Negative Auswirkungen der Erreichbarkeit

Nicht jede Folge dieser vermeintlich positiven Eigenschaft ist wirklich wünschenswert: Arbeitnehmer empfangen auch nach Arbeitsende noch E-Mails oder WhatsApp-Nachrichten vom Chef, der vielleicht "noch mal eben kurz was besprechen" will. Die Grenzen zwischen Privatleben und Beruf verschwimmen, wenn dasselbe Gerät beide Welten miteinander verknüpft. Dies birgt auch Risiken – Stichwort Burnout. Mehrere Unternehmen sind inzwischen dazu übergegangen, Mitarbeitern ein explizites Verbot von Arbeit nach Dienstschluss zu erteilen, um diese Gefahr einzudämmen.

Zudem kann eine gewisse Abhängigkeit entstehen. Wie oft holt man sein Handy aus der Tasche, um zu schauen, ob Nachrichten eingegangen sind? Wie oft hat man das Smartphone neben sich auf dem Tisch liegen und schaltet trotzdem immer mal wieder das Display an, damit man auch nichts verpasst? Die Gefahr besteht auch bei Kindern und Jugendlichen, denn auch sie wollen permanent zu erreichen sein. So ist das Handy ständig dabei, um auch abends im Bett noch Nachrichten zu senden.

Smartphones ersetzen andere Geräte

Da vieles nun mit dem Smartphone erledigt werden kann, hat das natürlich auch Auswirkungen auf den Elektronikmarkt. Digitalkameras beispielsweise haben es schwer gegen die Konkurrenz in Form von hochwertigen Smartphone-Kameras. Auch Radio, Wecker, MP3-Player & Co. werden vielfach einfach nicht mehr benötigt, weil das Smartphone alle diese Funktionen in sich vereint. Sogar auf Navigationsgeräte kann der ein oder andere verzichten: Einfach das Smartphone in die Halterung gesteckt und schon kann dank GPS und diverser Karten-Apps navigiert werden.
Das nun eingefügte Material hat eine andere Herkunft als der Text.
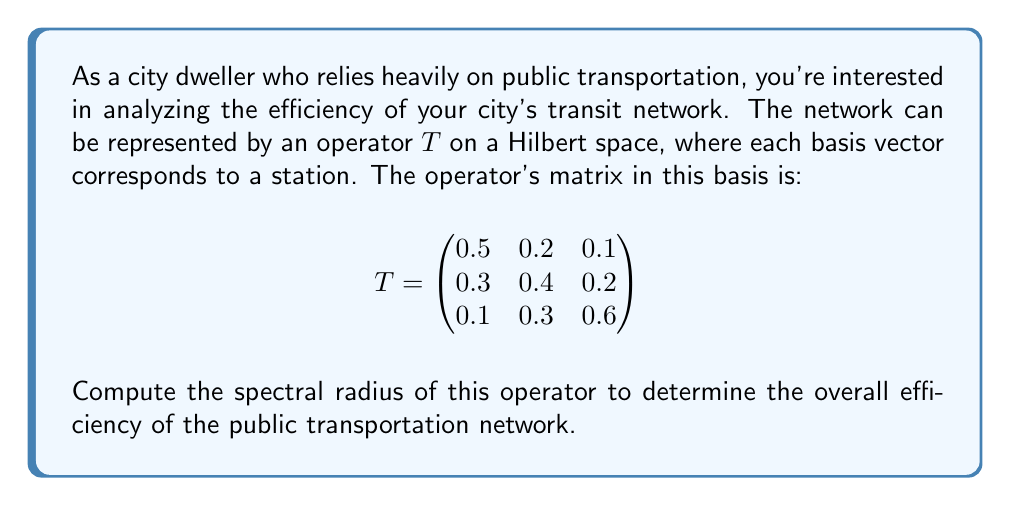Help me with this question. To compute the spectral radius of the operator $T$, we need to follow these steps:

1) The spectral radius $\rho(T)$ is defined as:
   $$\rho(T) = \max\{|\lambda| : \lambda \text{ is an eigenvalue of } T\}$$

2) To find the eigenvalues, we need to solve the characteristic equation:
   $$\det(T - \lambda I) = 0$$

3) Expanding the determinant:
   $$\begin{vmatrix}
   0.5-\lambda & 0.2 & 0.1 \\
   0.3 & 0.4-\lambda & 0.2 \\
   0.1 & 0.3 & 0.6-\lambda
   \end{vmatrix} = 0$$

4) This yields the characteristic polynomial:
   $$-\lambda^3 + 1.5\lambda^2 - 0.61\lambda + 0.078 = 0$$

5) Solving this equation (using a numerical method or computer algebra system) gives us the eigenvalues:
   $$\lambda_1 \approx 0.8992, \lambda_2 \approx 0.3604, \lambda_3 \approx 0.2404$$

6) The spectral radius is the maximum absolute value of these eigenvalues:
   $$\rho(T) = \max\{|0.8992|, |0.3604|, |0.2404|\} = 0.8992$$

This value represents the long-term behavior of the network's efficiency. A spectral radius close to 1 indicates a relatively efficient system, as it suggests that the network maintains its structure and connectivity over time.
Answer: $\rho(T) \approx 0.8992$

Spielen: Volkssport statt Nerd-Nische

Früher waren es die Teenager, die im Keller ohne Freunde ungepflegt vor Computern saßen und aus heutiger Sicht krude designte Spiele gespielt haben – so wollte es jedenfalls das Klischee. Aus dieser Ecke ist Gaming inzwischen entwachsen: 17,3 Millionen Deutsche spielten 2016 auf Smartphones, der Markt wuchs in diesem Jahr um 30 Prozent im Vergleich zum Vorjahr. Ein Ende ist nicht abzusehen. Die vergleichsweise gute Leistung gepaart mit der ständigen Verfügbarkeit der Smartphones hat diese Geräte auch zur ernsthaften Konkurrenz klassischer Gaming-Medien wie Konsolen und PCs gewandelt – aus Sicht "echter" Spieler reicht das vielleicht nicht, aber für den ein oder anderen Gelegenheitszocker ist die Konsole ein weiteres entbehrliches Elektronikgerät geworden.

Folgen der Informationsflut

Die permanente Verfügbarkeit von Informationen, die das Smartphone bereitstellt, ist ein weiterer Bereich, in dem der Alltag sich verändert (hat). Informationen über beliebige Themen sind nur noch einen Handgriff entfernt. Gleichzeitig ist es schwer, aus der Fülle der Informationen diejenigen mit einem hohen Wahrheitsgehalt herauszufiltern, ein generelles Problem im Internet. Soziale Plattformen wie Facebook, Instagram, YouTube & Co. liefern eine Flut an Informationen, aber es gibt keine Instanz, die Wahrheiten von "Fake News" trennt. Auch verlagern wir die Informationshoheit in die Hände einiger weniger großer Unternehmen. Der Bedarf an einem sensiblen Umgang mit Daten dieser Art ist daher mehr denn je gegeben.

Der Preiskampf bricht aus

Zuletzt leidet und profitiert auch die Wirtschaft gleichermaßen davon, dass das Smartphone sich im Alltag "breitmacht". Die Profiteure des Smartphone- und Internet-Booms sind Online-Händler – allen voran die global etablierten Unternehmen wie Amazon. Es ist einfacher als jemals zuvor, Preise zu vergleichen und gewünschte Produkte jederzeit in Sekundenschnelle zu bestellen. Gleichzeitig stellt dies den kleineren Einzelhandel vor Probleme, da z.B. privat geführte Geschäfte weder mit den Preisen noch der Produktvielfalt von Online-Händlern konkurrieren können. Gerade das profitable Weihnachtsgeschäft hat sich derart in den Online-Markt verlagert, dass selbst die Paketdienste über die Belastung klagen – obwohl sie damit ihr Geld verdienen.